A brain that can abstract as well as order the information it receives from the body, and can express it via (e.g.) language, thereby creates a representation, a subjective mental state. This is what the human brain does. The subjective/objective division between mind and brain might therefore be less problematic than is often claimed. Moreover, abstract association integrates the brain's representations of self and world into a continuous and consistent unitary experience. This unitary experience is our sense of self, i.e. consciousness. So consciousness might not be hopelessly resistant to biological explanation, as (for example) Cairns-Smith and Chalmers maintain - but nor is it a mere "linguistic confusion", as Dennett claims.
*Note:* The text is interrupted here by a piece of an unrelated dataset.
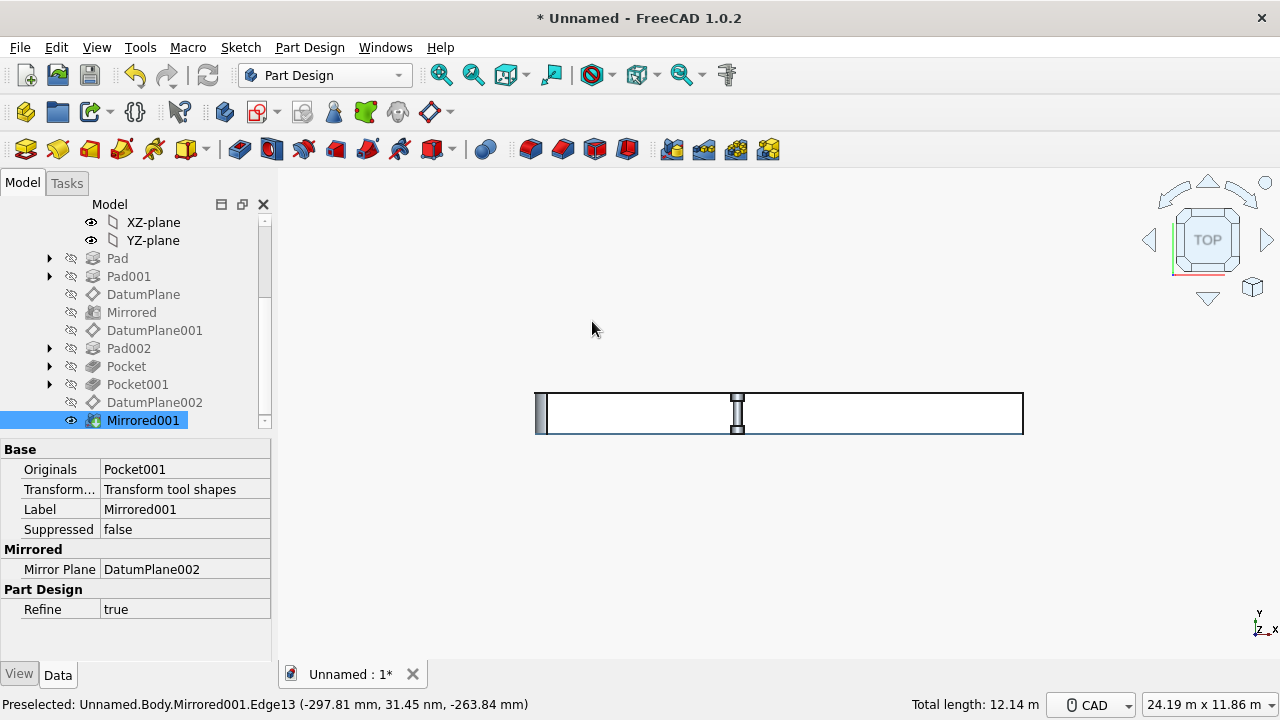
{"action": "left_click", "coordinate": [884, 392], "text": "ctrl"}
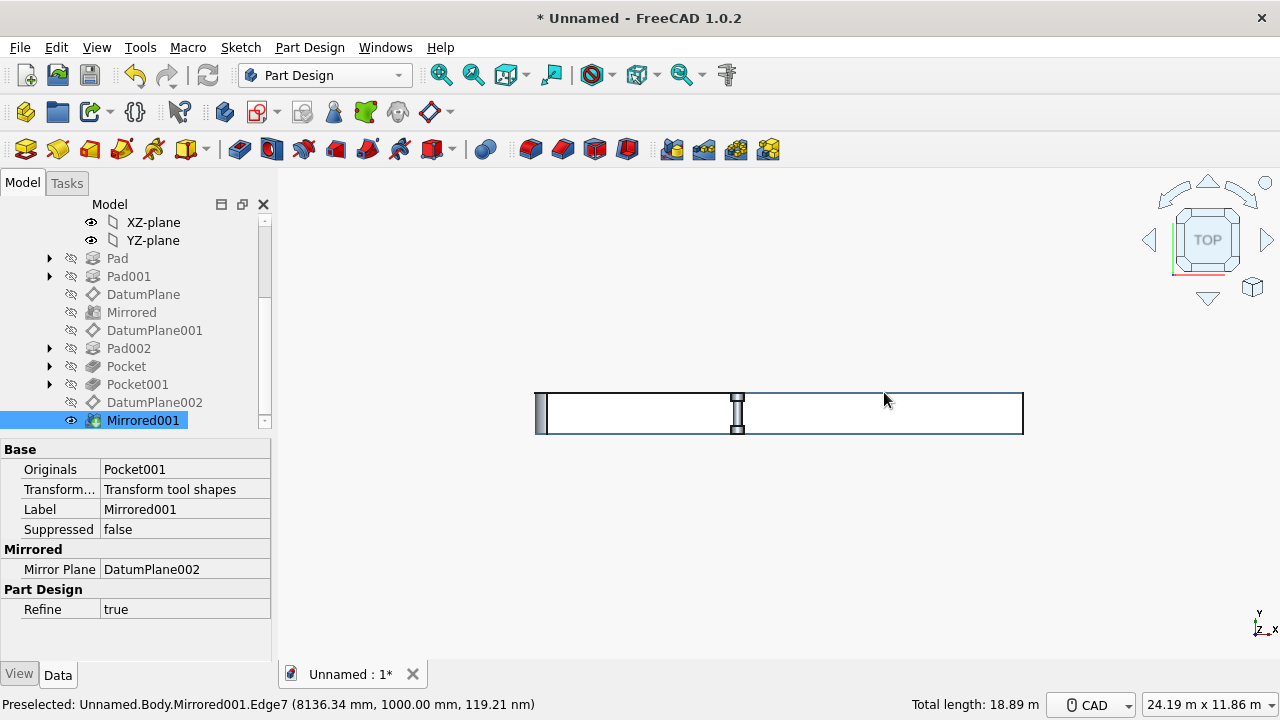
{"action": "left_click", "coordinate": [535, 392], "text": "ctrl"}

In short, the mind-brain relationship might be less problematic than is generally believed, so long as it is viewed from the appropriate perspective: i.e. how the human brain evolved, and what biological purpose it serves. This perspective no more denigrates mind than our characterisation of the living state denigrated life. We believe that "consciousness" is neither a linguistic confusion nor a mystery that cannot be assimilated into conventional biology.
The capacity to abstract and articulate brain processes, enabling us to make long-term predictions, is uniquely developed in modern humans. This capacity, the root of our culture, evolved under very specific circumstances. Ancestral hominids that were already capable of intelligent behaviour produced bipedal and very highly social descendants. The sheer improbability of this combination of circumstances (intelligent behaviour, high social development and bipedalism coinciding in the same species) could explain why "human intelligence" has only evolved once on Earth and is unlikely to be simulated anywhere else in the universe (chapter 15). Other animals that behave intelligently must have higher-order integration of their brain functions, but they lack our capacity for abstract representation. They no doubt have a sense of self and can detect patterns and continuity within themselves and the world around them; but without the ability to abstract or to express these abstractions, they cannot have the kind of mental lives that humans have.
At what stage in human evolution did "mind" appear? Like language, it probably emerged step by step. Evidence of material culture at a particular time in human evolution might indicate the level of "mind" at that time. If so, there is an interesting implication. If our brains are continuing to grow as our culture becomes more complex, then our minds are still evolving. This inference will not appeal to evolutionary psychologists.
In chapter 18 we shall expand these arguments and clarify them.